Вавель

Поделись знанием:
(перенаправлено с «Вавельский замок»)
Перейти к: навигация, поиск

Ва́вель (польск. Wawel) — холм и архитектурный комплекс в Кракове, на левом берегу Вислы. Высота — 228 метров над уровнем моря. Находится на территории административного района Дзельница I Старе-Място.

На вавельском холме расположен комплекс архитектурных памятников, из которых важнейшие — Королевский замок и кафедральный собор Святых Станислава и Вацлава. Вавель — символ Польши и место, имеющее особое значение для польского народа.
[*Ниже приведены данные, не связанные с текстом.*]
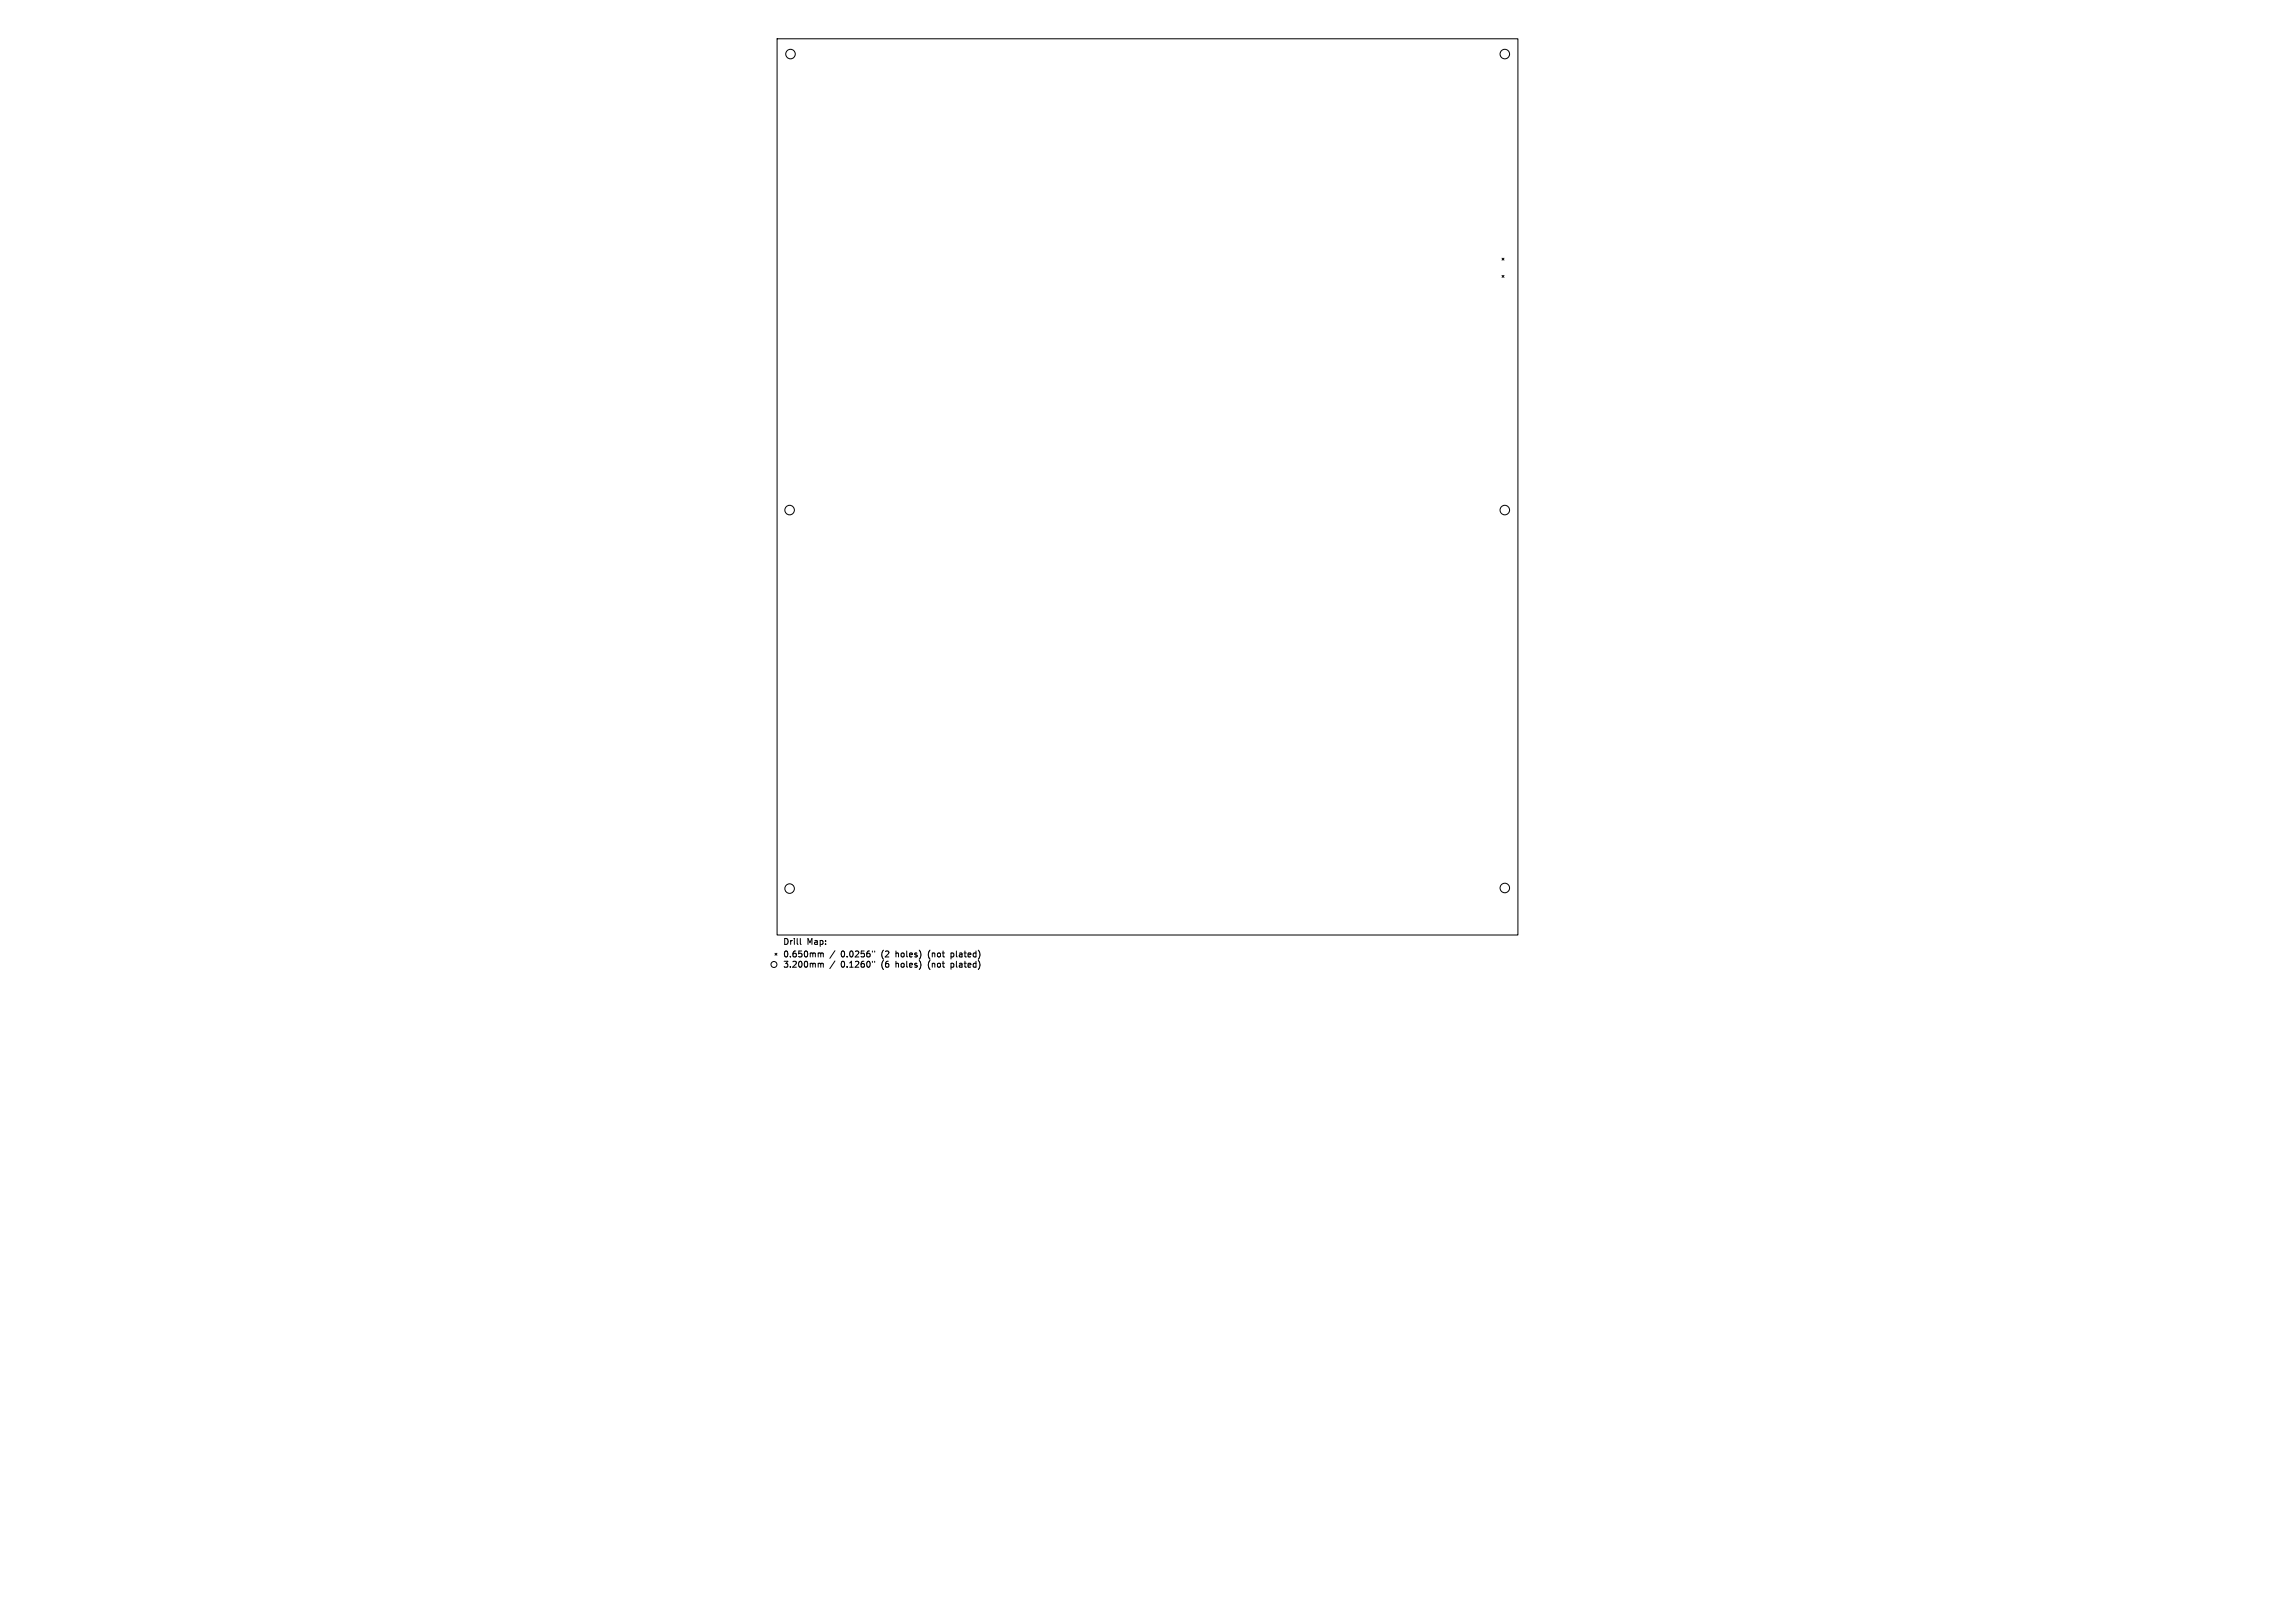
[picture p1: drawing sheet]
<svg xmlns="http://www.w3.org/2000/svg" width="297mm" height="210mm" viewBox="0 0 297 210" stroke-linecap="round" stroke-linejoin="round" font-family="sans-serif">
<defs><g id="words">
<g font-size="1.1">
<text x="101.3" y="122.4">Drill</text>
<text x="101.3" y="124">0.650mm</text>
<text x="101.3" y="125.3">3.200mm</text>
<text x="104.4" y="122.4">Map:</text>
<text x="108.8" y="124">0.0256&quot;</text>
<text x="108.8" y="125.3">0.1260&quot;</text>
<text x="114.1" y="124">(2</text>
<text x="114.1" y="125.3">(6</text>
<text x="116" y="124">holes)</text>
<text x="116" y="125.3">holes)</text>
<text x="120.3" y="124">(not</text>
<text x="120.3" y="125.3">(not</text>
<text x="123.3" y="124">plated)</text>
<text x="123.3" y="125.3">plated)</text>
</g>
</g></defs>
<g fill="none" stroke="#000" stroke-width=".13">
<path d="M100.6 5h95.8v116h-95.8zM194.4 33.4l.2 .3M194.4 35.6l.2 .3M194.6 33.4l-.2 .3M194.6 35.6l-.2 .3M100.3 123.3l.2 .3M100.5 123.3l-.2 .3M103.6 121.4v.7l.1 .1M106 123.3l.2 .1M106 124.6l.2 .1M106.2 123.4l.1-.1h.2v.5M106.2 123.4v.4"/>
<path d="M106.2 124.7v.5M106.2 124.7l.1-.1 .2 .1v.5M108.1 123l-.7 1M108.1 124.3l-.7 1M112.9 123.1v.1M112.9 124.4v.1M113.2 123.1v.1M113.2 124.4v.1"/>
<circle cx="102.3" cy="7" r=".62"/>
<circle cx="194.7" cy="7" r=".62"/>
<circle cx="102.2" cy="66" r=".62"/>
<circle cx="194.7" cy="66" r=".62"/>
<circle cx="102.2" cy="115" r=".62"/>
<circle cx="194.7" cy="114.9" r=".62"/>
<circle cx="100.2" cy="124.8" r=".39"/>
</g>
<use href="#words"/>
</svg>

Архитектурный комплекс находится под управлением учреждения культуры «Королевский замок на Вавеле — Государственное собрание искусства».





История

Раскопки показали, что уже в XI веке на месте Вавеля находилось укрепленное поселение племени вислян. Каменные укрепления начали возводиться Вацлавом II в 12901300 годах, а в XIV веке холм был перестроен Казимиром III Великим в готическом стиле. Около 1340 года стены замка и города были соединены.

После пожара 1499 года, Александр Ягеллон начал перестройку Вавеля, пик которой пришелся на время правления Сигизмунда I Старого. Однако, новый пожар в 1595 году приводит к частичному разрушению замка. В 1609 году Сигизмунд III Ваза оставляет замок, после чего начинается период упадка. Несмотря на это замок остаётся коронационным замком для польских королей.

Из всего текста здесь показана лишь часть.